[TASK BRIEF]: Copy task. Retype the whole listing exactly, omitting any picture in it.

(PROVIDED RECORDS)

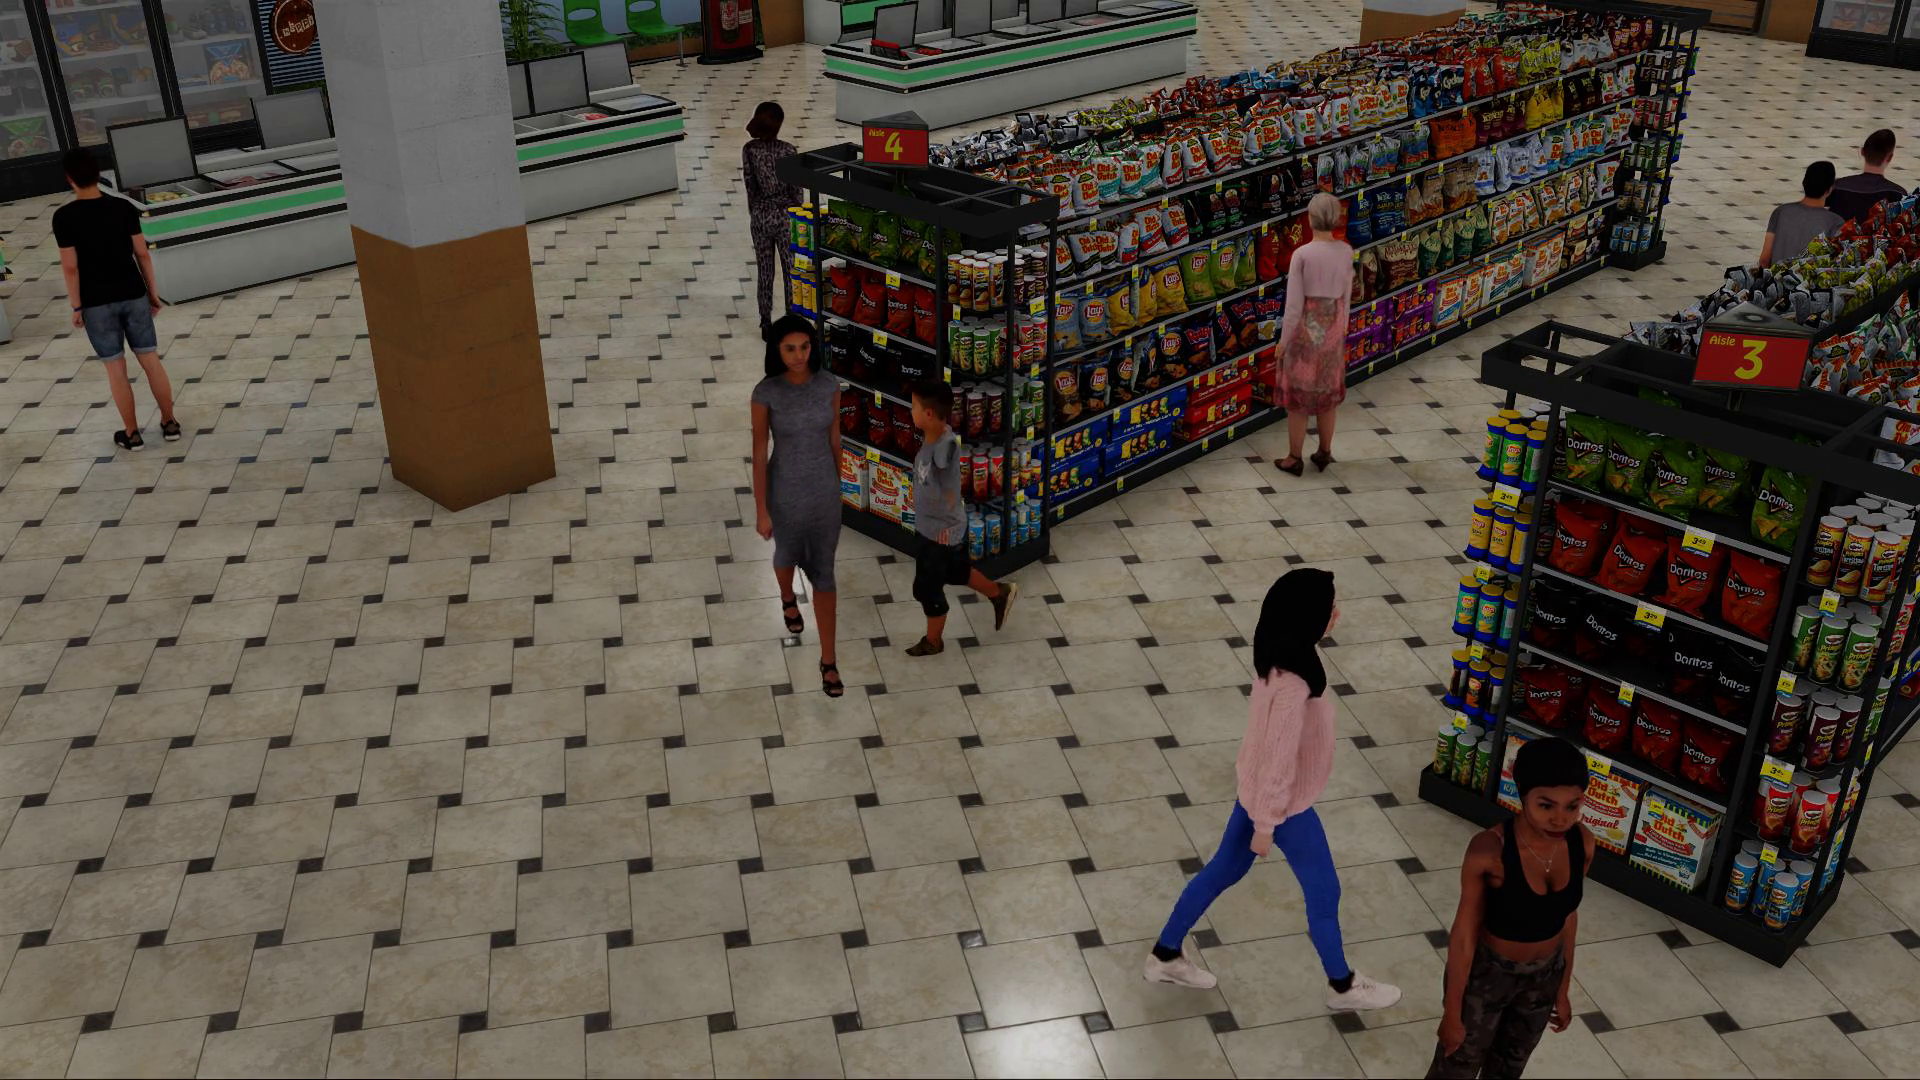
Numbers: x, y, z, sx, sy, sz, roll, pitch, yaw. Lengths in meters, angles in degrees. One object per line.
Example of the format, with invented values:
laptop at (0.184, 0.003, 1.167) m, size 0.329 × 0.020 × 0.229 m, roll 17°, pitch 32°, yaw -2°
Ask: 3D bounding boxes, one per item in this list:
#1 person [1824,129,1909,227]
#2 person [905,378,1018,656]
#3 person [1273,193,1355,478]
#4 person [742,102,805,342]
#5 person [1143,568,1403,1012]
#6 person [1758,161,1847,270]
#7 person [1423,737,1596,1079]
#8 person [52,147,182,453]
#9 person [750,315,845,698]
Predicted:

(End PROVIDED RECORDS)

[ANSWER TO THIS EXERCISE]:
Numbers: x, y, z, sx, sy, sz, roll, pitch, yaw. Lengths in meters, angles in degrees. One object per line.
Example of the format, with invented values:
laptop at (0.184, 0.003, 1.167) m, size 0.329 × 0.020 × 0.229 m, roll 17°, pitch 32°, yaw -2°
Ask: 3D bounding boxes, one per item in this list:
#1 person [1824,129,1909,227]
#2 person [905,378,1018,656]
#3 person [1273,193,1355,478]
#4 person [742,102,805,342]
#5 person [1143,568,1403,1012]
#6 person [1758,161,1847,270]
#7 person [1423,737,1596,1079]
#8 person [52,147,182,453]
#9 person [750,315,845,698]
Predicted:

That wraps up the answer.